NCT number NCT01564602
Other study ID # VGH2011-03-011IA
Secondary ID
Status Recruiting
Phase N/A
First received February 20, 2012
Last updated March 28, 2012
Start date January 2011
Est. completion date December 2014

Study information

Verified date March 2012
Source Taipei Veterans General Hospital, Taiwan
Contact n/a
Is FDA regulated No
Health authority Taiwan: Institutional Review Board
Study type Interventional

Clinical Trial Summary

The main objective of this trial is to assess the efficacy and safety of single port-access laparoscopic-assisted vaginal hysterectomy. The operative time, weight of the uterus, blood loss and hospital stay will be record, respectively. The pain score is based on the visual analogue scale in which patients record the intensity of their pain 12, 24, and 48 hours after surgery.


Description:

Single port laparoscopy is an attempt to further enhance the cosmetic benefits of minimally invasive surgery while minimizing the potential morbidity associated with multiple incisions. Preliminary advances in LESS as applied to urologic and gastrointestinal surgery demonstrate that the techniques are feasible provided that both optimal surgical technical expertise with advanced skills and optimal instrumentation are available. Recently, Lee et al. performed the multiple channel single port-access laparoscopic-assisted vaginal hysterectomy (SPA-LAVH) in 24 patient. All cases but 3 were performed exclusively through a single port. The median operative time, weight of the uterus, and estimated blood loss were 119 minutes (range 90 to 255 minutes), 347 g (range 225 to 732 g), and 400 mL (range 100 to 1000 mL), respectively. The median hospital stay (postoperative day) was 3 days (range 3 to 7). Although there are a limited number of studies demonstrating the feasibility of single-port access laparoscopic-assisted vaginal hysterectomy (LAVH), single-port surgery is "new-old" (i.e., a revisited and unstandardized technique) because the major disadvantage of limited movement caused by collisions of the laparoscopic instruments has been mitigated by the development of multi-channel approaches. Therefore, the investigators used a 2-channel single-port system, which was different from the previously published 3-channel single-port technique11,12 to reduce collisions and aid the assistant in controlling the scope without interfering with the surgeon's instruments. To our knowledge, there are no randomize control trial to evaluate of 2-channel or multiple channel single port laparoscopic surgery in gynecologic disorders. The purpose of this study was to assess the feasibility of 2-channel and multiple-channel single port laparoscopy in the treatment of benign uterine disease.

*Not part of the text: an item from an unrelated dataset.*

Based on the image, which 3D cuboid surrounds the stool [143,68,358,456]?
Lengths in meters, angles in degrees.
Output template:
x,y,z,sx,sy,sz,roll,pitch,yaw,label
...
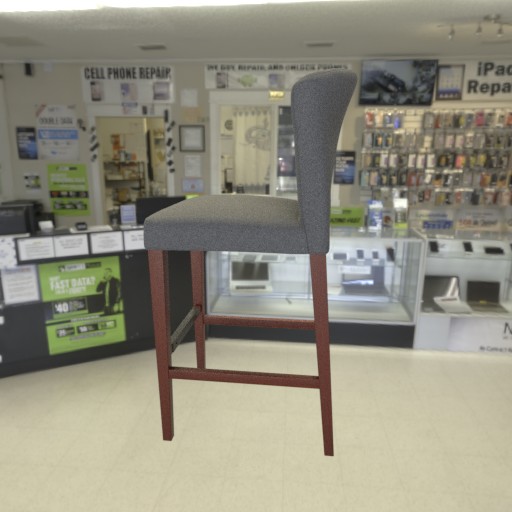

Recruitment information / eligibility

Status Recruiting
Enrollment 200
Est. completion date December 2014
Est. primary completion date January 2014
Accepts healthy volunteers No
Gender Female
Age group N/A and older
Eligibility Inclusion Criteria:

- Patients receive laparoscopic-assisted vaginal hysterectomy (LAVH)

- American Society of Anesthesiologists (ASA) physical status of patient: classification I-II

Exclusion Criteria:

- The procedure will be required to conversion to laparotomy.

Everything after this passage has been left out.